# no /dev/dvd, but /dev/cdrom exists

## alex.blackbit

Hi,

I don't need my cdrom drive very often so I don't know how long this problem already exists.

It's best described by console output:

```
$ cat /etc/udev/rules.d/70-persistent-cd.rules 

# This file was automatically generated by the /lib64/udev/write_cd_rules

# program, probably run by the cd-aliases-generator.rules rules file.

#

# You can modify it, as long as you keep each rule on a single line

# and set the $GENERATED variable.

# HL-DT-ST_DVDRAM_GSA-U20N (pci-0000:00:1f.2-scsi-0:0:0:0)

SUBSYSTEM=="block", ENV{ID_CDROM}=="?*", ENV{ID_PATH}=="pci-0000:00:1f.2-scsi-0:0:0:0", SYMLINK+="cdrom", ENV{GENERATED}="1"

SUBSYSTEM=="block", ENV{ID_CDROM}=="?*", ENV{ID_PATH}=="pci-0000:00:1f.2-scsi-0:0:0:0", SYMLINK+="cdrw", ENV{GENERATED}="1"

SUBSYSTEM=="block", ENV{ID_CDROM}=="?*", ENV{ID_PATH}=="pci-0000:00:1f.2-scsi-0:0:0:0", SYMLINK+="dvd", ENV{GENERATED}="1"

SUBSYSTEM=="block", ENV{ID_CDROM}=="?*", ENV{ID_PATH}=="pci-0000:00:1f.2-scsi-0:0:0:0", SYMLINK+="dvdrw", ENV{GENERATED}="1"

$ ls -l /dev/{cdrom,cdrw,dvd,dvdrw,sr*}

ls: cannot access /dev/cdrw: No such file or directory

ls: cannot access /dev/dvd: No such file or directory

ls: cannot access /dev/dvdrw: No such file or directory

lrwxrwxrwx 1 root root      3 Feb  3 18:15 /dev/cdrom -> sr0

brw-rw---- 1 root cdrom 11, 0 Feb  3 18:15 /dev/sr0

$ 
```

Is there any obvious reason for that?

Thanks in advance.

----------

## VoidMage

udev has stopped generating those rules, so the chances are the ones present are out of date.

But a single /dev/cdrom symlink should be present.

----------

## alex.blackbit

 *VoidMage wrote:*   

> udev has stopped generating those rules, so the chances are the ones present are out of date.

 

What should that mean? Maybe udev does not generate these rules now, but they _are_ present on my system.

The syntax of the rules did not change afaik.

I do not understand why the rules in this file do not have any effect.

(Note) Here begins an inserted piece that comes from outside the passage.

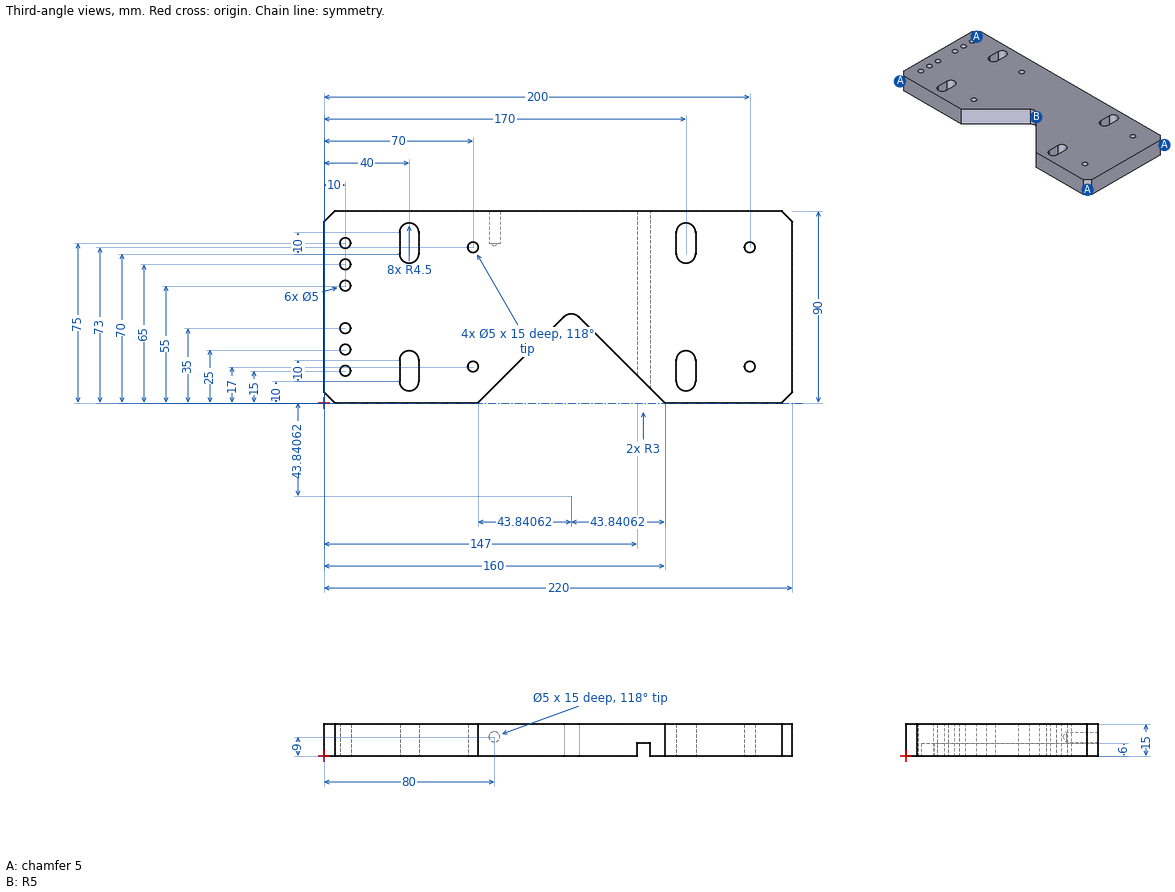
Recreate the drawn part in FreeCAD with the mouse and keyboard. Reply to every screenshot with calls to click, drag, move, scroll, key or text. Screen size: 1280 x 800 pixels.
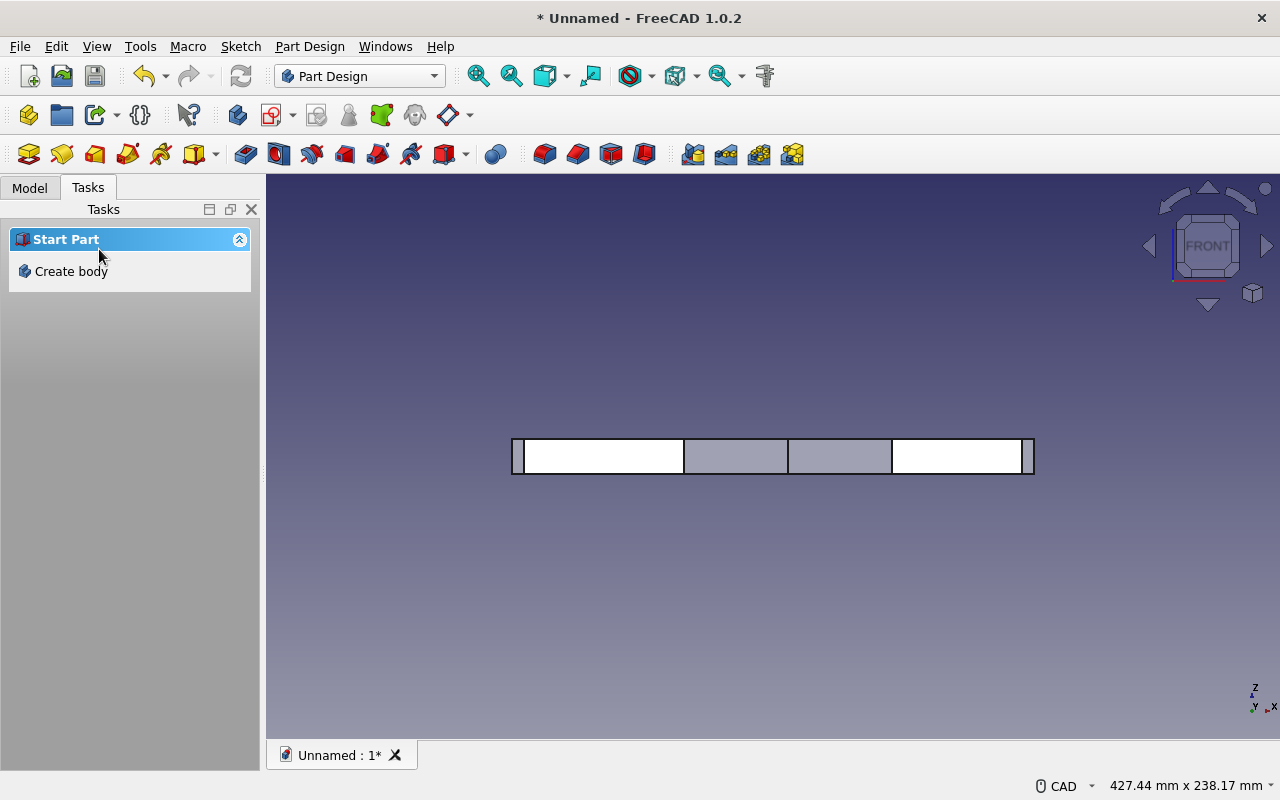
key(3)

Do you have an explanation?

 *VoidMage wrote:*   

> But a single /dev/cdrom symlink should be present.

 

Yes, as I already wrote.

----------

## SamuliSuominen

 *alex.blackbit wrote:*   

> I do not understand why the rules in this file do not have any effect.

 

The way /dev/cdrom is created also changed; the old persistent cd rules are not supposed to work anymore as the whole ATA transport class is skipped in that part of udev code.

----------

## alex.blackbit

Thanks for your answer, ssuominen.

I assume that my rules file is a leftover.

Maybe an udev update in the past instructed me to delete it and i overlooked that, I am not sure.

Since these symlinks are handy for various things, I would like to have them back.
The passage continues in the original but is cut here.